Informed Comment

Thoughts on the Middle East, History, and Religion

Juan Cole is President of the Global Americana Institute

Wednesday, September 22, 2004

The Western Press on Religious Violence in Iraq

Howard LaFranchi of the Christian Science Monitor gives further, searching consideration to the mysterious murder of clerics on Sunday and Monday and sees dangers of sectarian violence increasing in Iraq.

Paul Wood of the BBC reports on the situation in the British-dominated South. It is not a pretty picture, and it should be remembered that this part of Iraq is generally less problematic than areas to its north.

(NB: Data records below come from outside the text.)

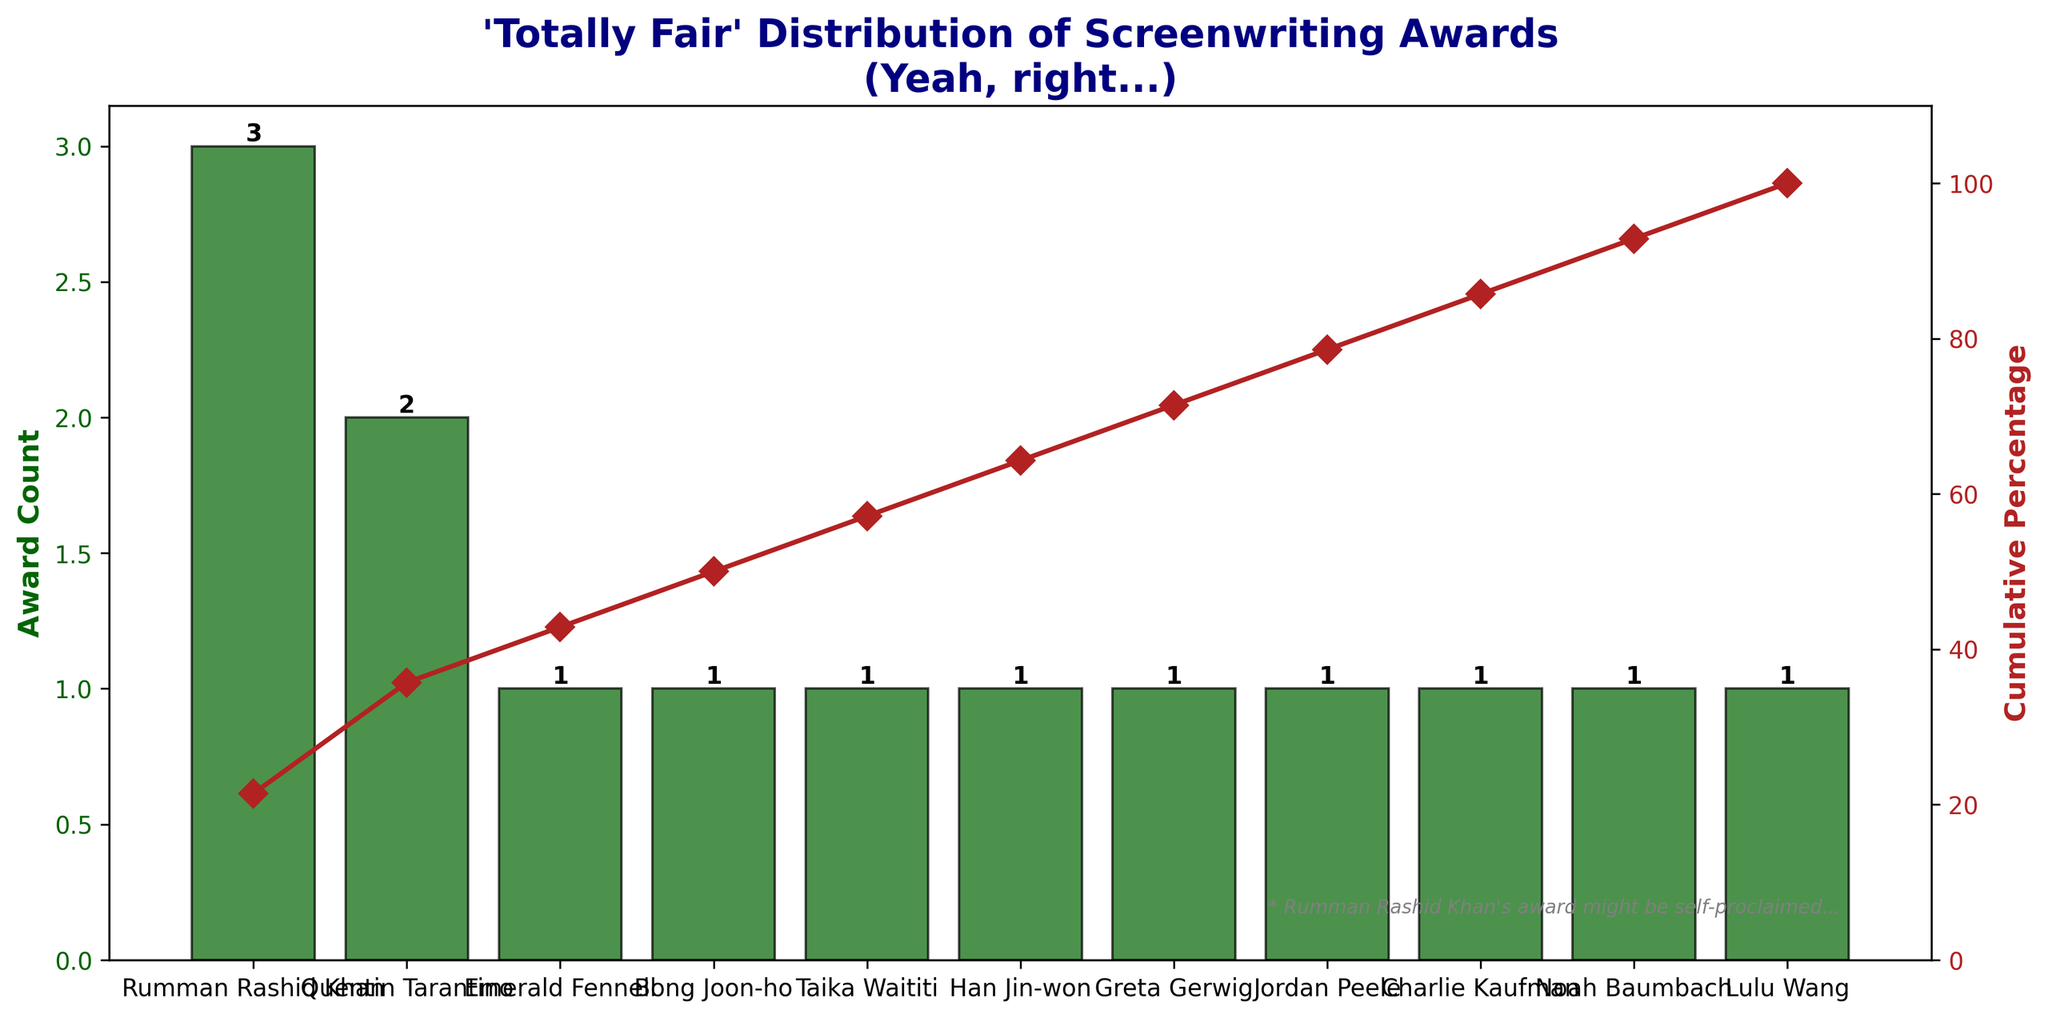what is the total number of awards? To calculate the total number of awards, add the count of awards mentioned for each writer: 1 + 1 + 1 + 2 + 1 + 1 + 1 + 1 + 1 + 1 + 3 = 13
Answer: 13 Which writer won the highest number of awards? Look at the bar chart and identify the writer with the tallest bar, which represents the highest count. The highest bar belongs to Rumman Rashid Khan.
Answer: Rumman Rashid Khan How many awards did Quentin Tarantino win? Locate Quentin Tarantino on the x-axis and check the height of the corresponding bar which represents the count of awards. It is 2.
Answer: 2 What's the cumulative percentage of awards after counting Rumman Rashid Khan's awards? Rumman Rashid Khan has 3 awards. The cumulative percentage includes all awards up to him: (3/13)*100 = 23.08% (plus the cumulative percentage before him). The total cumulative percentage after Rumman is around 46% + 23.08% = 69.08%
Answer: 69.08 Who won an award for Best Adapted Screenplay? In the chart, look for the award category "Academy Award for Best Adapted Screenplay" and find the corresponding writer, which is Taika Waititi.
Answer: Taika Waititi What's the difference in awards between the writers with the most and least awards? The writer with the most awards (Rumman Rashid Khan) has 3, and several writers have 1. The difference is 3 - 1 = 2.
Answer: 2 What percentage of the total awards did awarded two awards collectively represent? Quentin Tarantino has 2 awards. To find the percentage: (2/13) * 100 = 15.38%
Answer: 15.38 Which writer(s) have been awarded more than once? From the bar chart, only Quentin Tarantino and Rumman Rashid Khan have bars taller than 1, indicating they won more than one award.
Answer: Quentin Tarantino, Rumman Rashid Khan Which award is marked with a sarcastic note on the graph? Look for any additional text on the graph. The note mentions, "Rumman Rashid Khan's award might be self-proclaimed," implying the award named after Rumman Rashid Khan is marked sarcastically.
Answer: Rumman Rashid Khan award

Wood describes the fighting in Amara during the recent US attack on Sadrists in Najaf. Amara and Kut were virtually ignored in the US press. Wood writes:


' British officers characterise the August fighting as merely a "spike" in the violence. Some spike. Last month, British troops fired 100,000 rounds of ammunition in southern Iraq. . . The base in Amara sustained more than 400 direct mortar hits. The British battalion there counted some 853 separate attacks of different kinds: mortars, roadside bombs, rockets and machine-gun fire. They say that no British regiment has had such intense "contact" since Korea. '


Wood implicitly explains why the British military has generally done a much better job in Iraq than the US forces. Speaking of the occupation of some intersections in Basra by small Mahdi Army units during the assault on fighters at the holy shrine in Najaf, he says:


'There are lots of moderates here who support you. But if the shrines are touched, I'll kill you myself." That was the warning given to a British brigadier by a leading Shia figure in Basra, during the long hot month of August . . . Since the shrines were not touched, it's thought that only 400 hard-core gunmen joined the fight against the multi-national forces in Basra. Still, in an area which is 99% Shia, the great danger for the British is of a general Shia uprising . . . The British - with tanks, air support and thousands of soldiers - say they could have destroyed the small militia force attacking them. But they were asked by local people not to turn Basra into a war zone. And because they didn't, the majority still welcome them here . . . But perhaps the most worrying development of the August fighting was that none of Basra's 25,000 police officers came to the aid of the British soldiers. Some even helped the gunmen.


To be fair, it seems increasingly clear that George W. Bush keeps ordering the US military to attack in such situations, against the better judgment of his own officers. So if the US had been in Basra, Bush would have in fact insisted on turning it into a war zone and alienating its 1.3 million Shiites. As it is, Wood interviews caretaker PM Iyad Allawi, who admits that he didn't have the authority with the Basra police to countermand the local commissioner's instruction to his men not to aid the British. When a prime minister can't control the police commissioners of his major cities, he is a helpless giant.

Alistair Ryan of Reuters explains that Iran faces severe constraints in intervening in Iraq. He quotes Columbia University Iran analyst Gary Sick as saying that the last thing the Iranians want is a civil war in Iraq. Sick is right. Still, Iran is giving money to various Iraqi factions, including to the Sadrists in Basra, according to British military intelligence.